HOLGER BOEHM/SHUTTERSTOCK

The recipients of two of Berlin’s most prestigious awards for artists have been announced: the Hannah Höch Award has been given to painter Monika Baer, and the Hannah Höch Förderpreis has been awarded to artist Natascha Sadr Haghighian.

Haghighian, who represented Germany at this year’s Venice Biennale, will take home €38,000 (about $42,000), with the funds divided two ways. About €10,000 (about $11,000) is a cash purse that will go to the artist, and the remaining funds will go toward an exhibition and a publication. At the Biennale, Haghighian created an installation titled Tribute to Whistle, taking the form of a makeshift immigration detention center with boulders scattered on the floor. In the installation, she did a performance in a suit with a mask shaped like a rock that obscured her face.

The artist, who has been known to change her name repeatedly, often altering her date of birth and nationality depending on the occasion, was selected by an independent jury comprized of artist Selda Asal, the Neuer Berliner Kunstverein’s director Kathrin Becker, and curator Britta Schmitz.

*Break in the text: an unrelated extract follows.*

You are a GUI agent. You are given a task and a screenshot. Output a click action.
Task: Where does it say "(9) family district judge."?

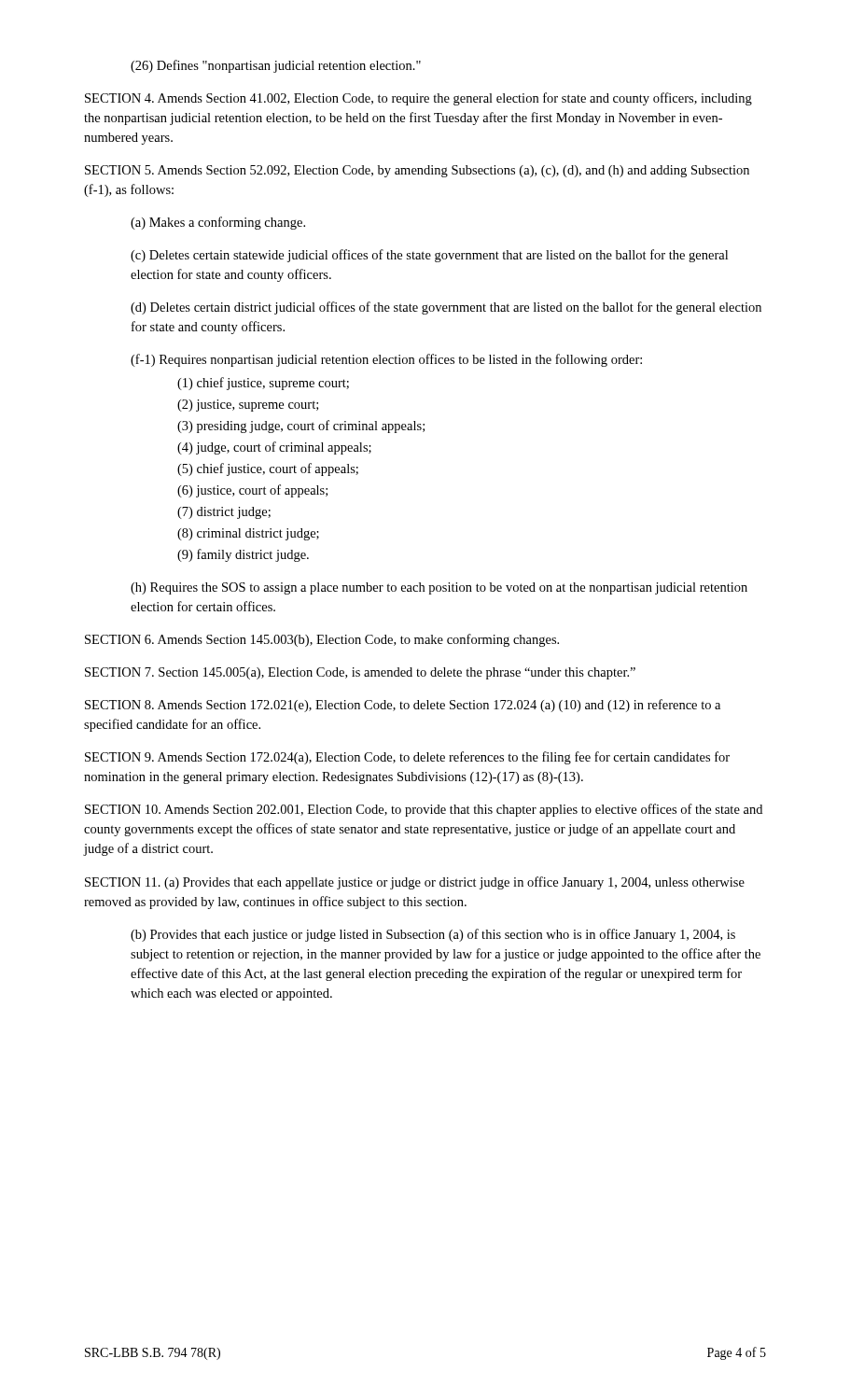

Through the Hannah Höch Award, which is named after the famed Dadaist, Baer will receive a €25,000 (about $28,000). The award is given every two years to an artist based in Berlin. The Senate Department for Culture and Europe in Berlin said in a statement that it had chosen Baer because of her “use of a variety of painterly techniques and approaches, from monochrome to realism and the concrete breaking up of canvas.” A solo exhibition supported by the prize will open in June of 2020 at the Neuer Berliner Kunstverein in Berlin.